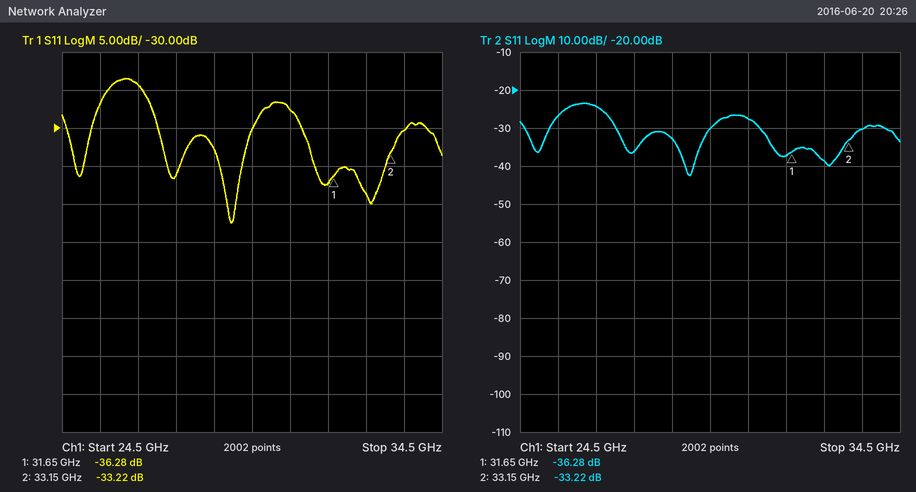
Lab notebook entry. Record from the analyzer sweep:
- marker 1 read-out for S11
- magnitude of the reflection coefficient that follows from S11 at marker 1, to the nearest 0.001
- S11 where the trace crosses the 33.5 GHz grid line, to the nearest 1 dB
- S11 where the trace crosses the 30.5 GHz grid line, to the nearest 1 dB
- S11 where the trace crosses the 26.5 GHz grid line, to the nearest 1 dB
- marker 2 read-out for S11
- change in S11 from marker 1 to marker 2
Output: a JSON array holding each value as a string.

["-36.28 dB", "0.015", "-30 dB", "-28 dB", "-24 dB", "-33.22 dB", "3.06 dB"]
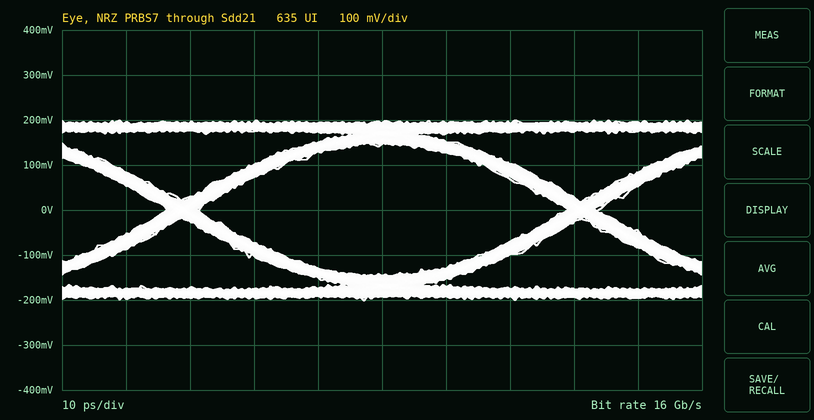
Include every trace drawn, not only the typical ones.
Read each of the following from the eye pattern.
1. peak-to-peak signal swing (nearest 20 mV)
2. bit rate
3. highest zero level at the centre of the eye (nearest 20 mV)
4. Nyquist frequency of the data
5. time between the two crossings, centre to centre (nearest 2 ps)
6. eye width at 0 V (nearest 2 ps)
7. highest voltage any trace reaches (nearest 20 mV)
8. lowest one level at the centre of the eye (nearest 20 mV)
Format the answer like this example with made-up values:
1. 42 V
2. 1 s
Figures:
1. 400 mV
2. 16 Gb/s
3. -140 mV
4. 8 GHz
5. 62 ps
6. 58 ps
7. 200 mV
8. 140 mV
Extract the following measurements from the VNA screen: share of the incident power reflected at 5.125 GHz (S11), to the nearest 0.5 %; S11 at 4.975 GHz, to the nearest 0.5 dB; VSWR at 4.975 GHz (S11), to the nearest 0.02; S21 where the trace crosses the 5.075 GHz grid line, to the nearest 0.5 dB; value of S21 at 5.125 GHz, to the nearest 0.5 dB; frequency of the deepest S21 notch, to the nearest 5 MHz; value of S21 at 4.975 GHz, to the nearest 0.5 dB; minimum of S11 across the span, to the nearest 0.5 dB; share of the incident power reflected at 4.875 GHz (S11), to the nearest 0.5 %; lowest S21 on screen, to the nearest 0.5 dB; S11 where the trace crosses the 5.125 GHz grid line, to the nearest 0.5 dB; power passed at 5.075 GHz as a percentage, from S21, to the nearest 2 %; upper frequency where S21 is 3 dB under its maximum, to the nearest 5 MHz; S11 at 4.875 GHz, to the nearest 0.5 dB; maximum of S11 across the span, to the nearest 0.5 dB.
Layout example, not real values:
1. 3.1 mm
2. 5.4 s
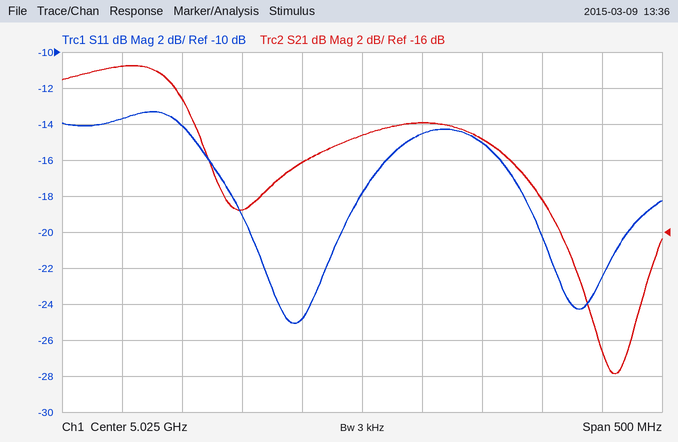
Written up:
1. 3.0 %
2. -25.0 dB
3. 1.12
4. -10.0 dB
5. -11.0 dB
6. 5.235 GHz
7. -12.0 dB
8. -25.0 dB
9. 4.0 %
10. -24.0 dB
11. -15.0 dB
12. 10 %
13. 4.885 GHz
14. -14.0 dB
15. -13.5 dB

──────────────────────────────

**YOUR ASSIGNMENT**
Would you please copy every line from the listing above that contains the word "marker"?

**RESULT**
- marker 1 read-out for S11
- magnitude of the reflection coefficient that follows from S11 at marker 1, to the nearest 0.001
- marker 2 read-out for S11
- change in S11 from marker 1 to marker 2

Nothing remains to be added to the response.